C’è speranza per l’edilizia pubblica? Intanto c’è una domanda inevasa: ricucire la frattura tra le politiche urbane e le politiche abitative, conclude Storto, “non è questione da esaminare dal punto di vista delle reciproche compatibilità. La necessità di sperarla, trascurando la preoccupazione di incorrere in un giudizio di radicalità al pari di ogni proposta difforme dal pensiero corrente, deve risultare un’opzione da tramutare in risposta a una domanda abitativa che non è possibile soddisfare in altro modo”.
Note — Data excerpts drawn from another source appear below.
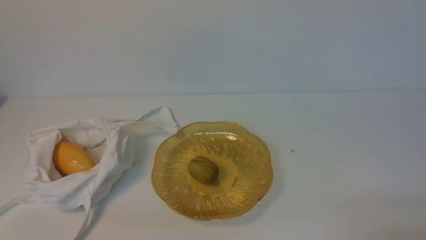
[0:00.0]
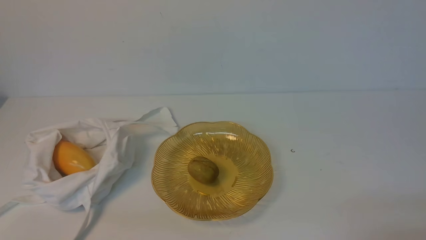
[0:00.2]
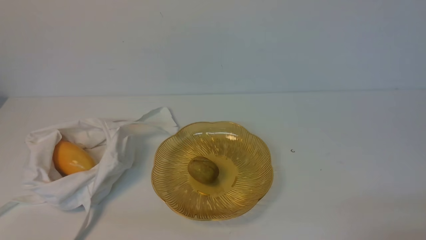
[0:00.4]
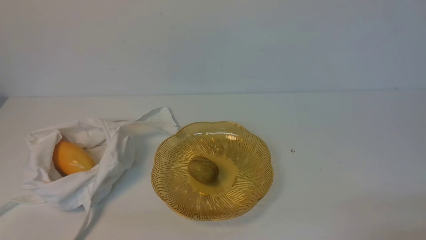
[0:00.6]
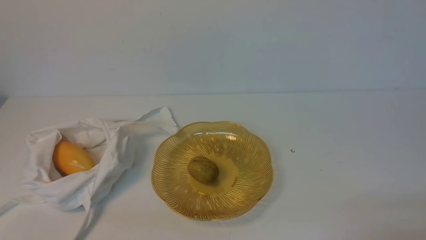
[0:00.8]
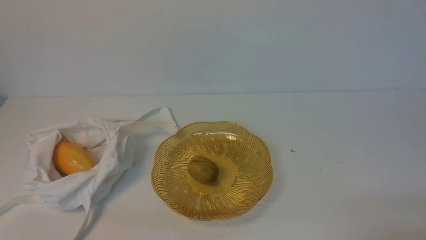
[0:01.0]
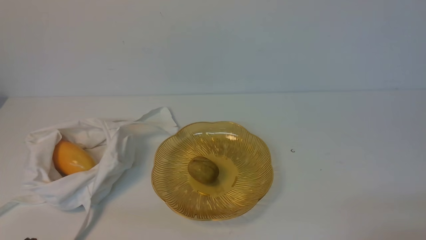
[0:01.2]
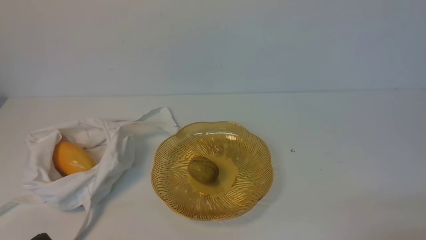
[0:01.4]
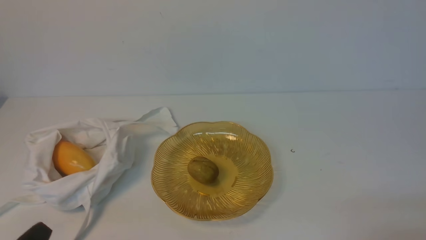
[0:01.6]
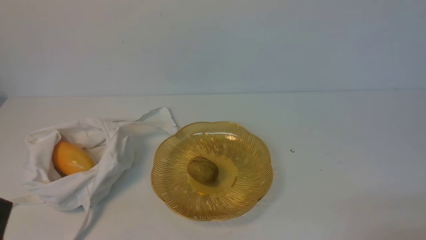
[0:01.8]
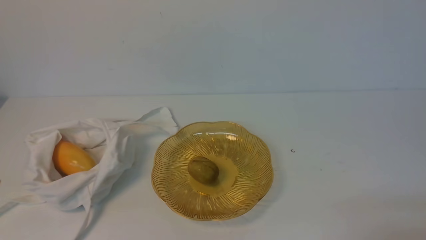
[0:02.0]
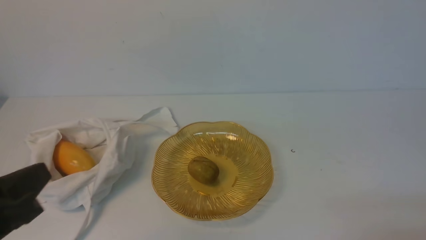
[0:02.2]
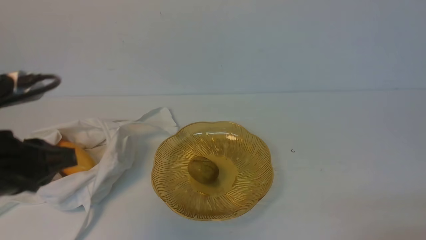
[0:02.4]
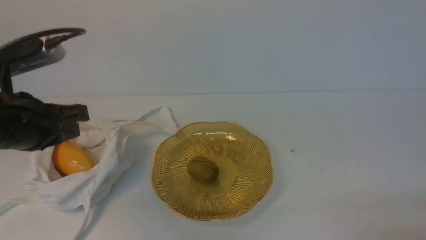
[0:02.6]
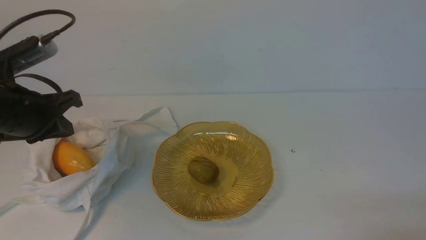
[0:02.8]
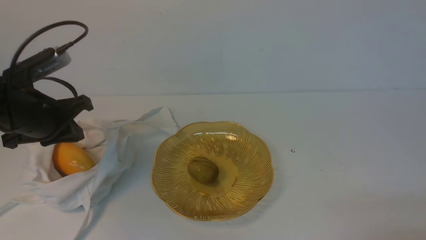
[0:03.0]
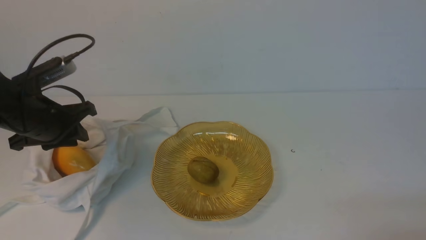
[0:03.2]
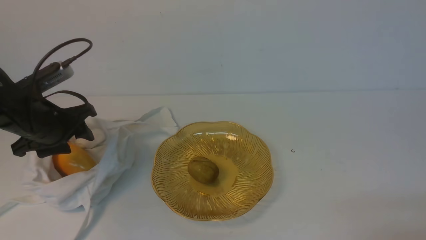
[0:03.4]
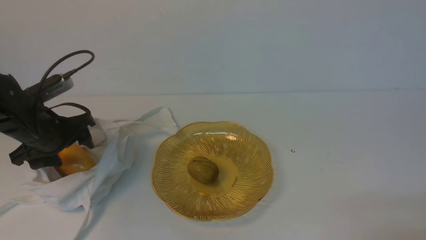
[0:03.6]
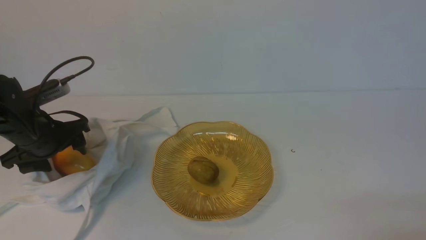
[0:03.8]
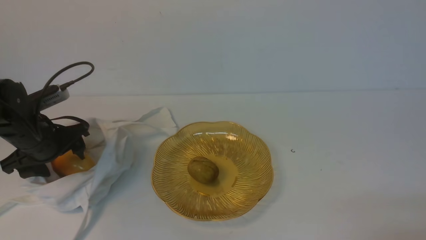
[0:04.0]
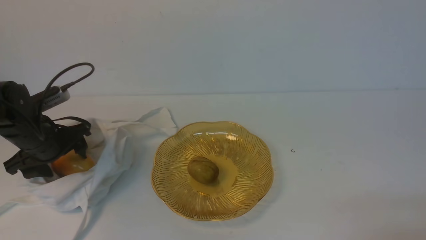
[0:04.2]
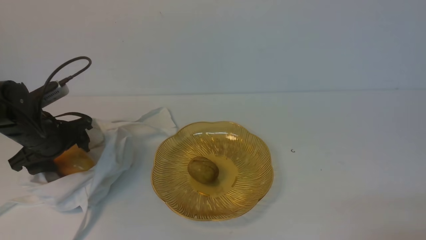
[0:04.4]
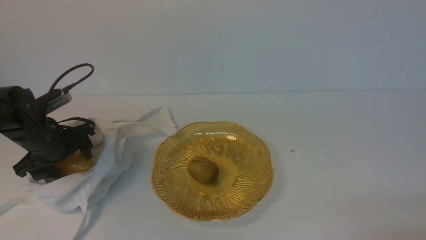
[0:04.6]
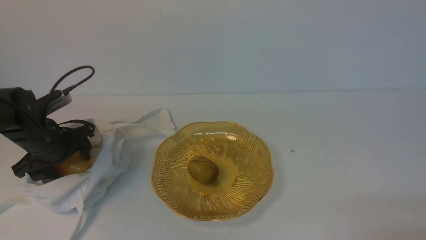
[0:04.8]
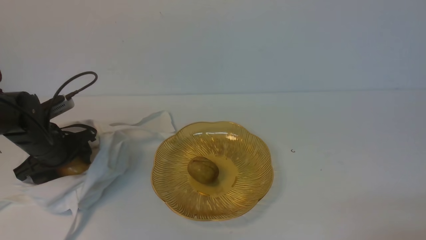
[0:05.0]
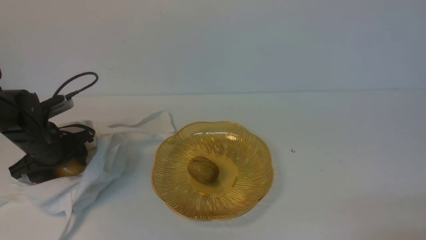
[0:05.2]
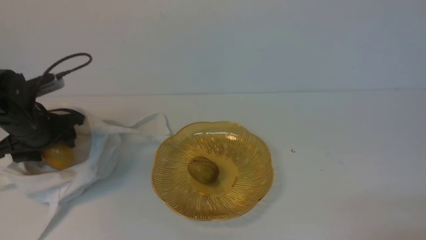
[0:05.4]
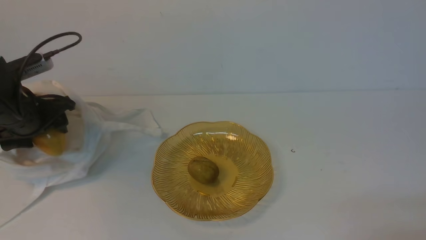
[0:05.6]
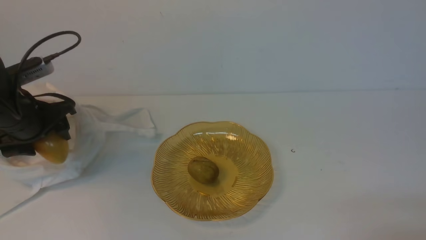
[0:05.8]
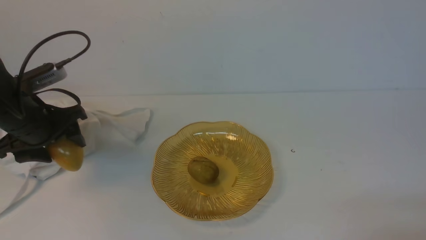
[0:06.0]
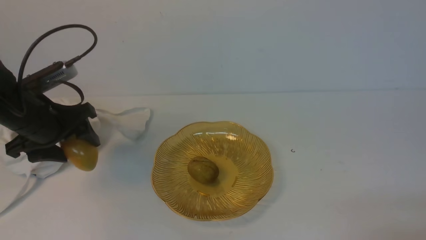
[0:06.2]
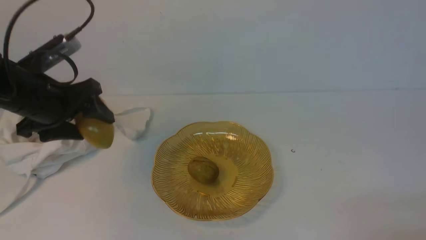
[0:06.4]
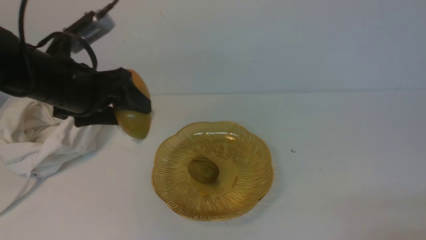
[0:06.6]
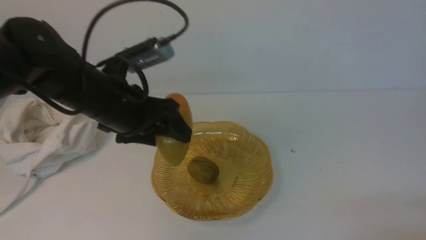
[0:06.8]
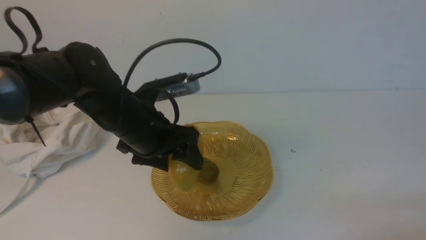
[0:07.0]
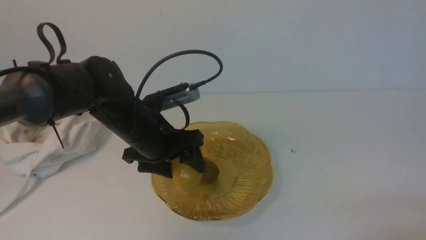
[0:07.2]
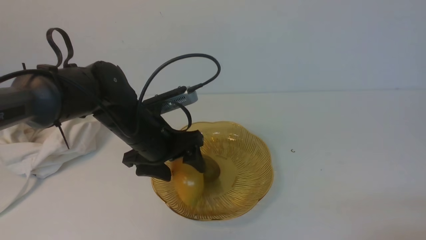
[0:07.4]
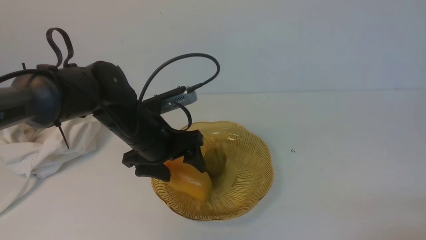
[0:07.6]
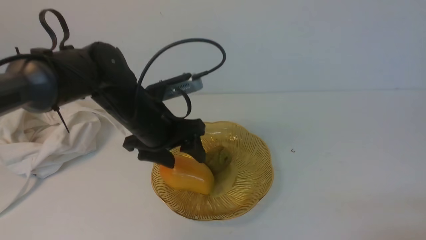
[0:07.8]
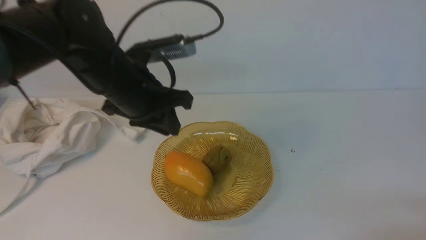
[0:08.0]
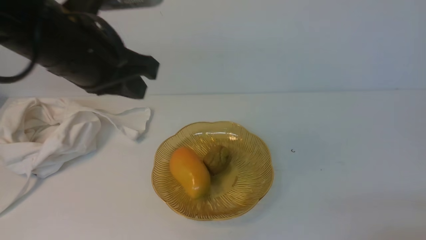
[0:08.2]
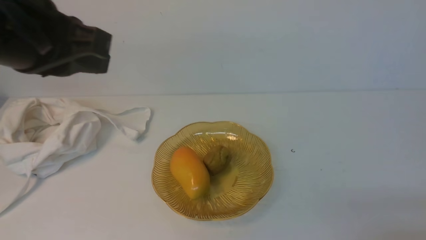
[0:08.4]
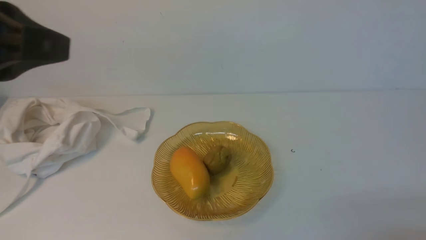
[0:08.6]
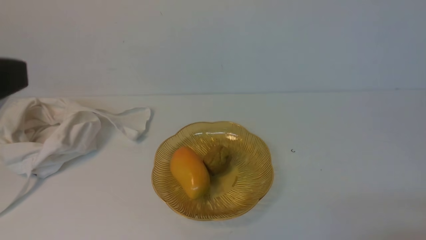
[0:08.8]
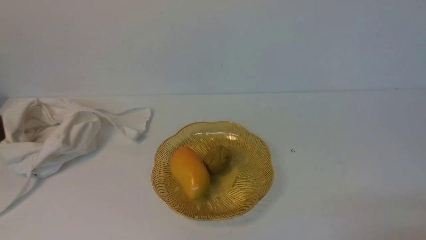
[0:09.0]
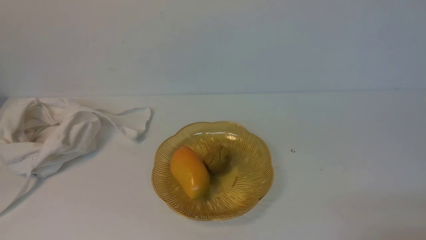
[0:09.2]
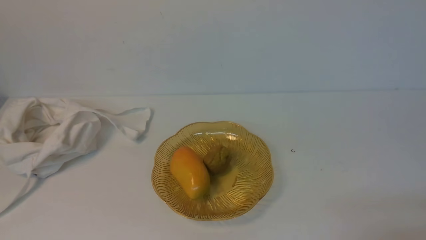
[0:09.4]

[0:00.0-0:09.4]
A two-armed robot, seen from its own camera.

Cambiare è possibile, conclude Storto. Purché si guardi alle città con occhi liberi dalla propaganda interessata: “Qualsiasi ragionamento teso a mitigare le distorsioni del mercato edilizio s’imbatte nella rendita. La rendita come generatrice di disuguaglianze sociali e di povertà urbane; la rendita come zavorra che fagocita risorse a discapito degli investimenti produttivi; la rendita come legante capace di impastare e compattare un conglomerato coeso grandi e piccoli interessi”.